Almacenar y conservar carnes y pescados en cámaras de frío con ozono

Almacenar y conservar carnes y pescados en cámaras de frío con ozono. Si estás preguntándote por la mejor manera de almacenar y conservar carnes y pescados en cámaras de frío, la respuesta es clara. Concretamente, pasa por una solución redonda conocida como tecnología del ozono.

Como es sabido, la aplicación del ozono tiene numerosas ventajas para el almacenamiento y conservación alimentaria. El descubrimiento de sus propiedades para este fin se remonta a mediados del siglo pasado, y desde entonces no ha dejado de utilizarse, actualmente mediante equipos de última generación que funcionan de forma automatizada.

Almacenamiento y conservación de carnes y pescados en cámaras de frío con ozono.

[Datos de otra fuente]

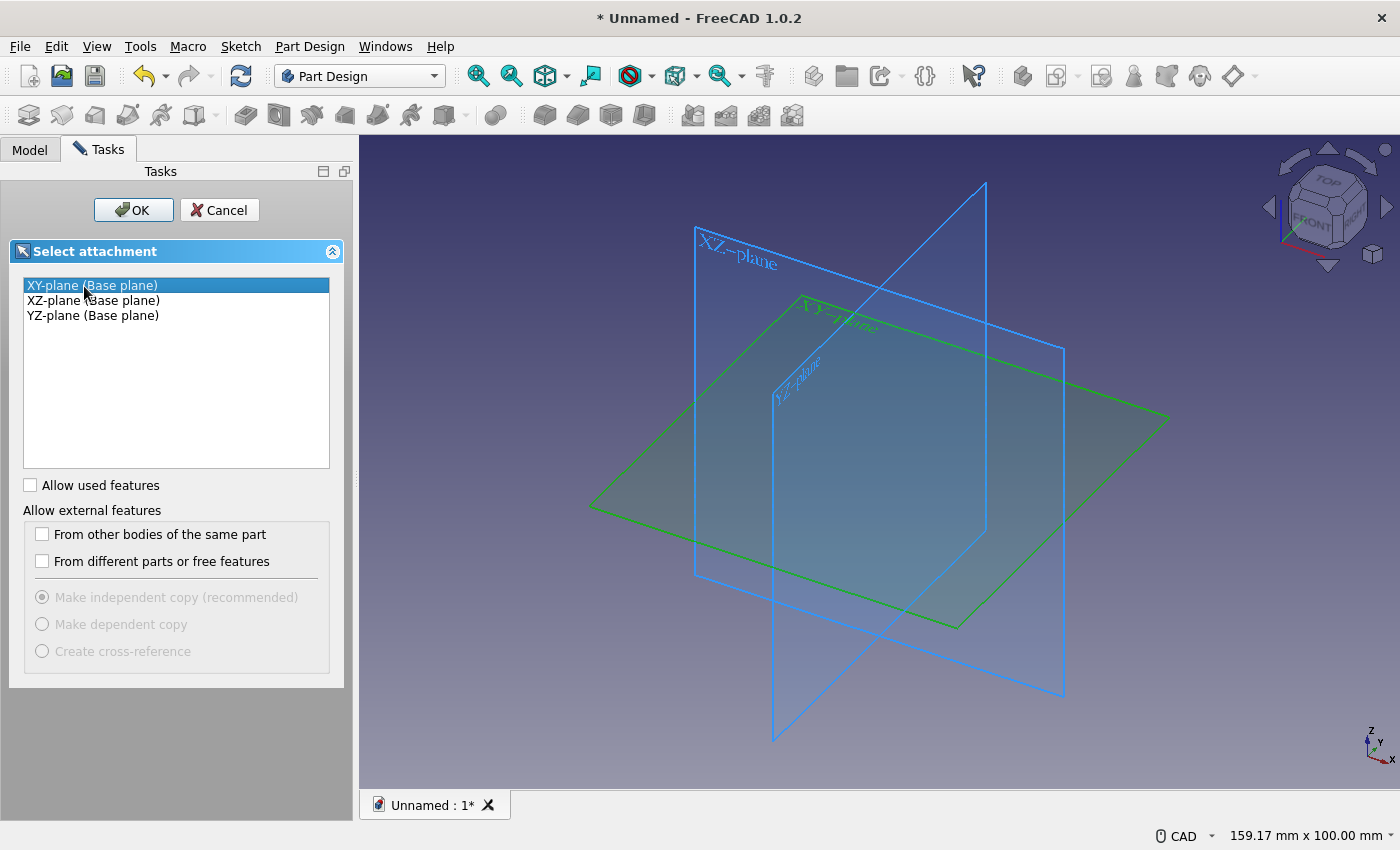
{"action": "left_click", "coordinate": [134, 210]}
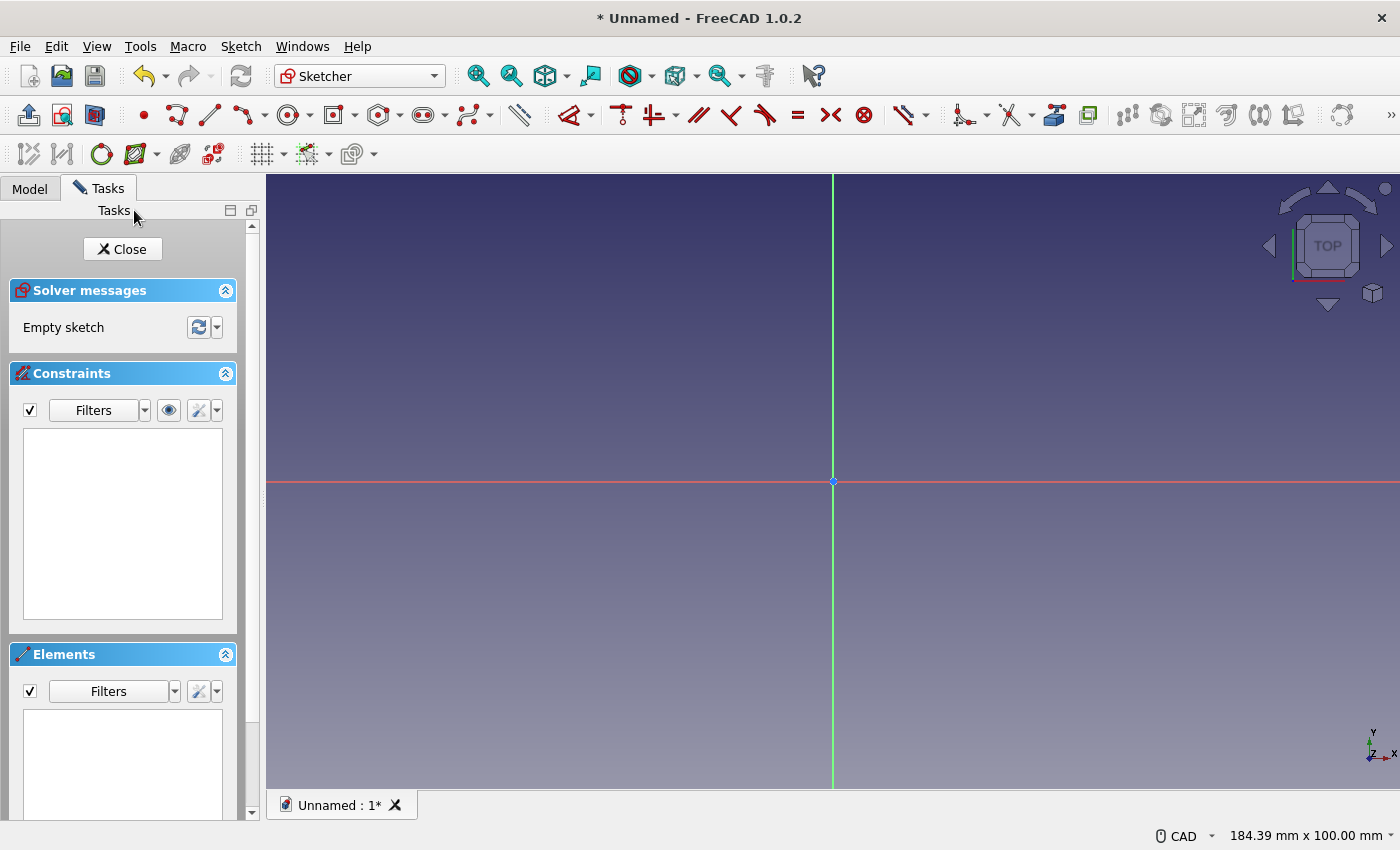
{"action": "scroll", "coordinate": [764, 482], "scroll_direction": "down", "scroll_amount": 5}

Ya sea para uso industrial o profesional, la aplicación del ozono de forma regular será de gran ayuda para almacenar y conservar en frío carnes y pescados de forma óptima. Tanto si vamos a almacenar carne, pescado o ambos productos en una misma o diferentes cámaras de frío, el ozono resuelve el problema de la conservación atacando todos los frentes.

Por un lado, carnes y pescados pueden introducirse en una misma cámara de frío sin miedo a que los olores se mezclen. Los olores y, lógicamente, también luego los sabores, afectando a la calidad del producto. Al margen de que utilicemos unos u otros recursos para su lógica separación, com films protectores, recipientes y también una diferente ubicación dentro de la cámara, el ozono será de gran ayuda para controlar los olores.

La desodorización, sin embargo, no altera sus cualidades organolépticas naturales, con lo que el producto conservará su aroma y sabor originales. Se trata de una eliminación de olores que conseguimos gracias al conocido fenómeno de la ozonólisis, a través del cual generamos una oxidación durante tan solo unos minutos usando un generador de ozono. Es tiempo suficiente para erradicar la polución ambiental, ya que el ozono es un eficaz germicida que también minimiza la contaminación inorgánica, convirtiéndose en oxígeno tras su actuación, con lo que no genera residuos.

Minimizar la polución ambiental es esencial para que la cámara de frío presente un ambiente idóneo para la conservación de carnes y pescados. Gracias al ozono, de hecho, mejoramos su vida útil, tanto a nivel microbiolótico como visualmente, ya que también conservamos su aspecto fresco y evitamos mermas de peso.